I know that we will have a fuller debate later, but much of the Bill has complete agreement across the House and is extremely welcome. The changes to the state pension age seem to have overshadowed many of the other issues in the Bill. As I said on Second Reading, I and many of my Liberal Democrat colleagues were deeply concerned about the effect of these changes on women who are being asked to work significantly longer at short notice.
The hon. Gentleman who has just spoken—I will not repeat his constituency name, as saying it once was an achievement—said that the state pension age has to rise, and I think that we all accept that. We are all living longer. The gains in life expectancy have been significant and are continuing. In 1970, someone reaching 60 could expect to live for 18 years. Last year, that had risen to 28 years. That puts a significant financial burden on the state. By the time I retire, I fully expect the retirement age to be somewhere north of 70. Goodness knows whether there will even be a state pension by that point.
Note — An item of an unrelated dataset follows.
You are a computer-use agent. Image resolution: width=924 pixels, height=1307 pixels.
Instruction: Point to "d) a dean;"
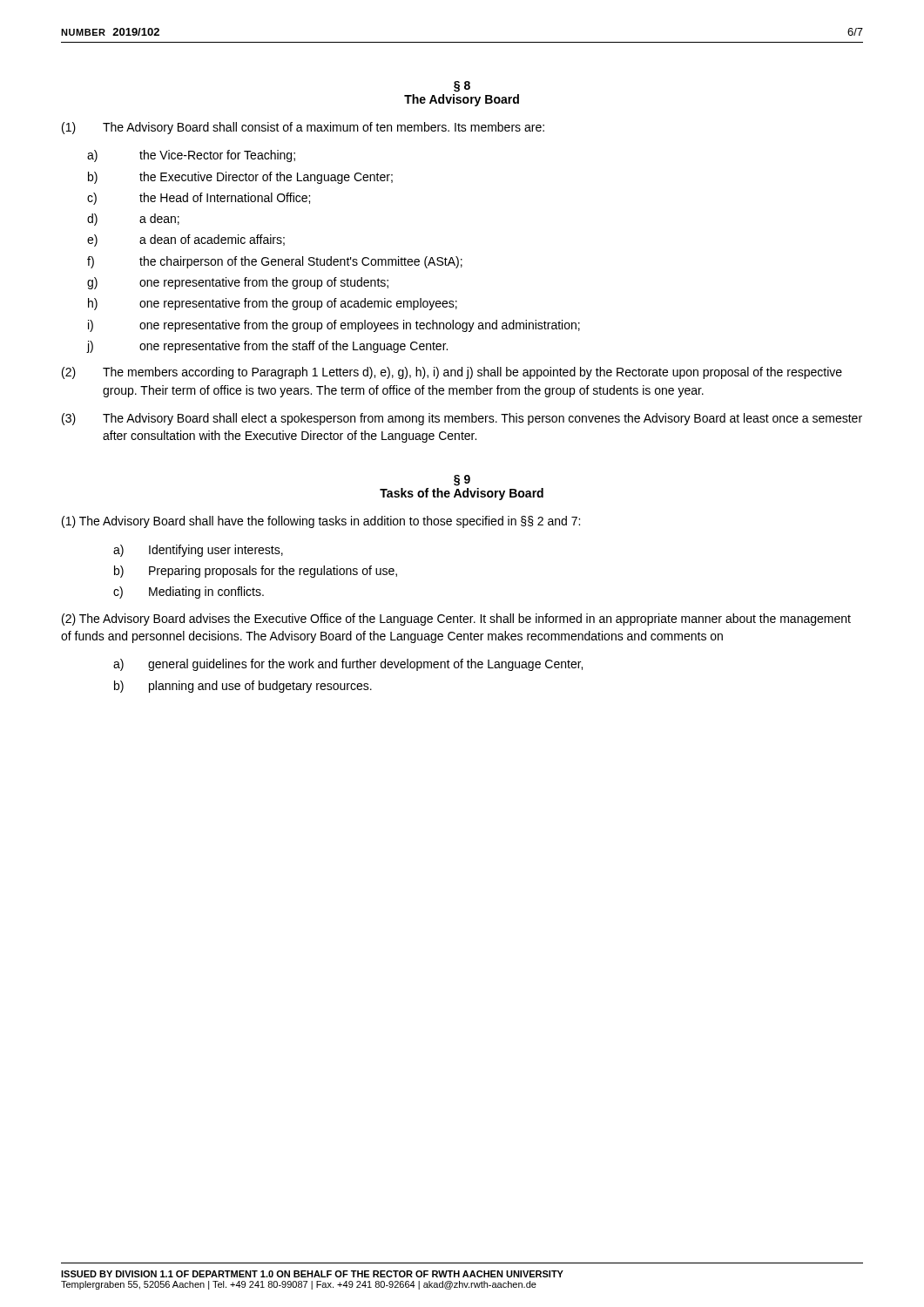tap(160, 219)

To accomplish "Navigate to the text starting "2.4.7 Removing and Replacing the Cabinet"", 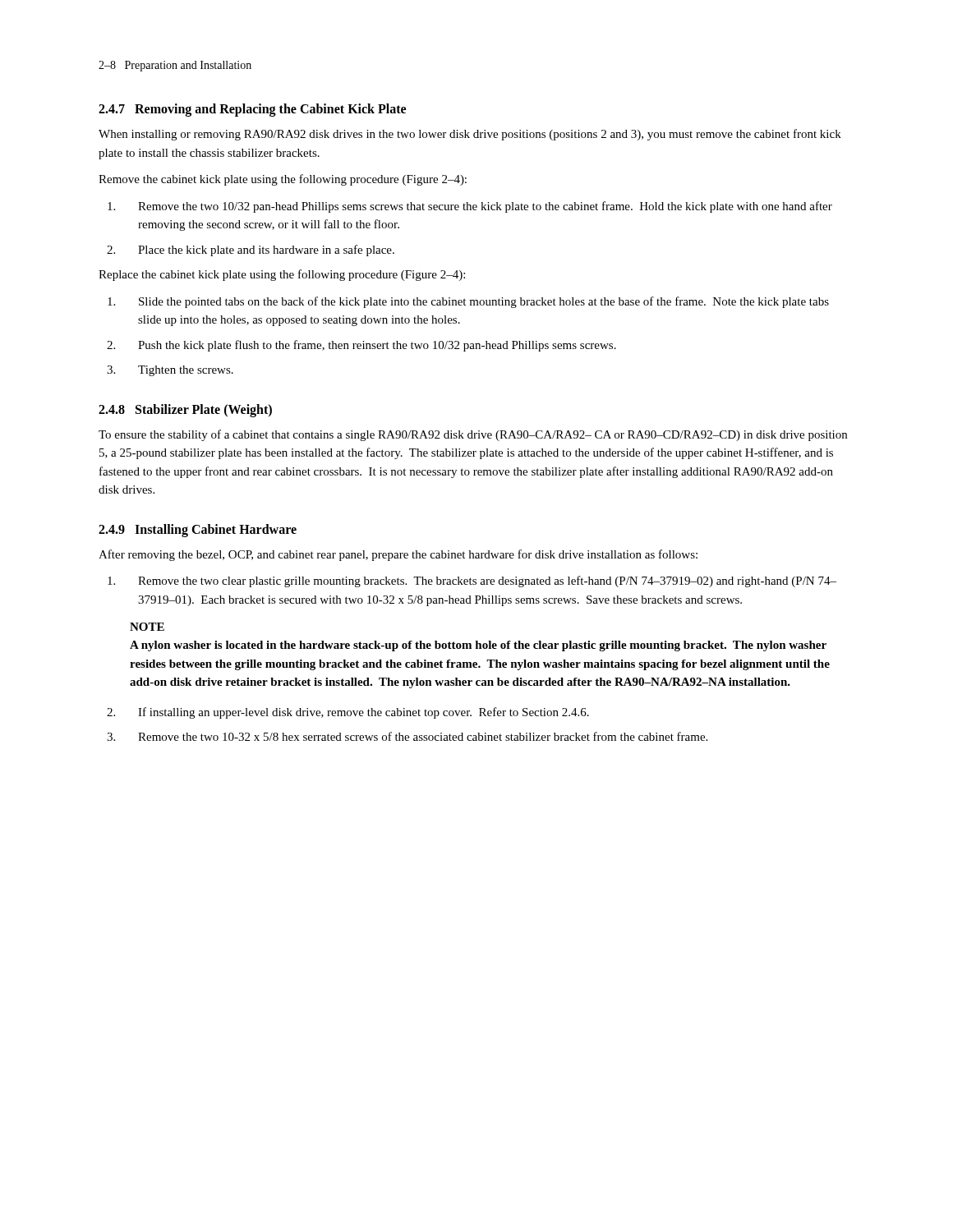I will pyautogui.click(x=252, y=109).
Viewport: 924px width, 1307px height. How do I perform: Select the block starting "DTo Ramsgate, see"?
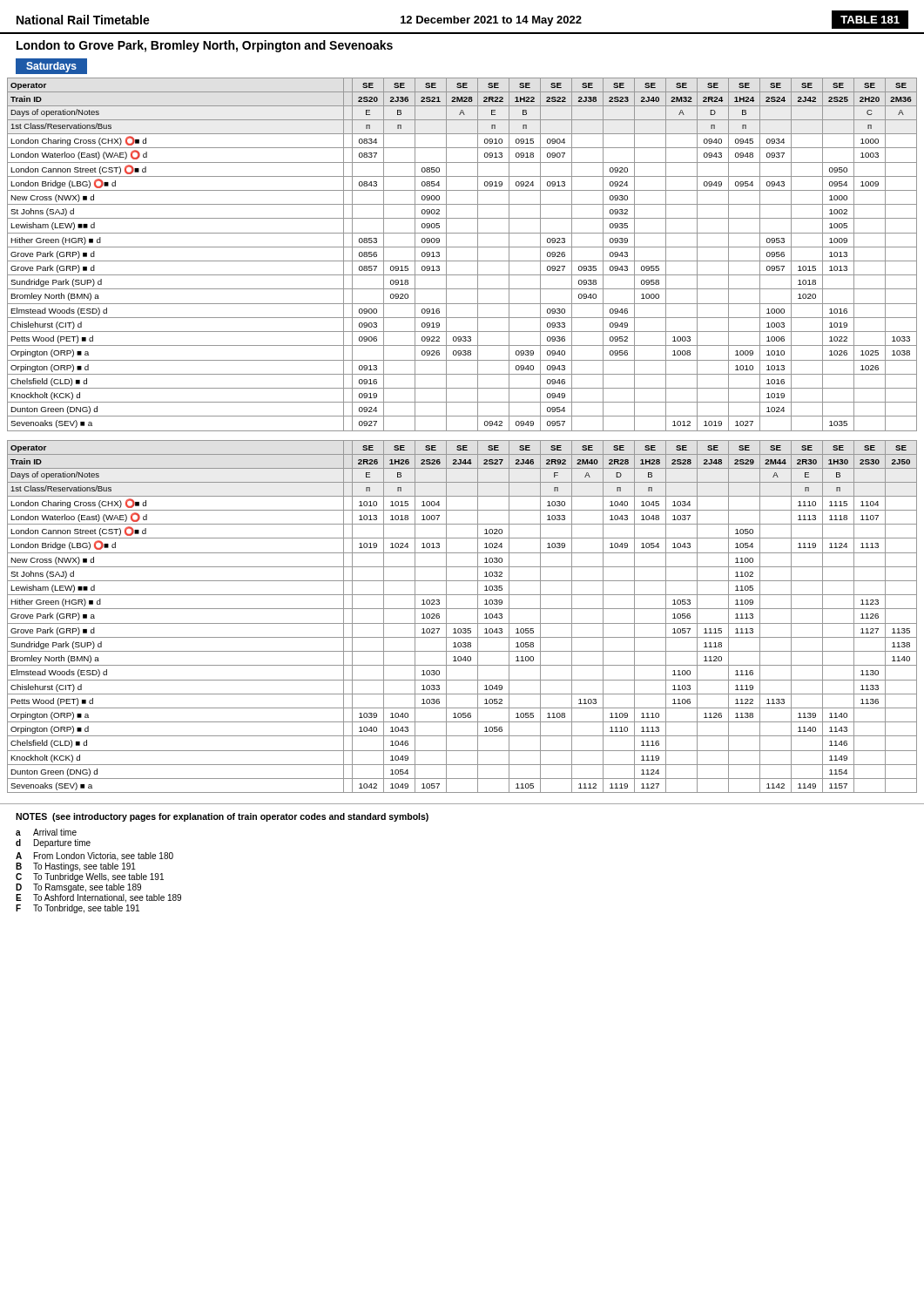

When we are increasing the state pension age, we need to ensure that it is done as fairly as possible. I and my colleagues, a number of whom are present, have been vocal in our efforts to change the timetable. I know that the Minister and his colleagues in the Department for Work and Pensions have been actively working within Government to ensure that the timetable is fairer and that those who are worst affected by the changes are protected. In my view, the initial draft timetable was not fair to the women who were worst affected. I am pleased that the Government have listened to the concerns that were raised by many people and have tabled today’s amendments. I am sure that the Minister will tell us more about them in his summation.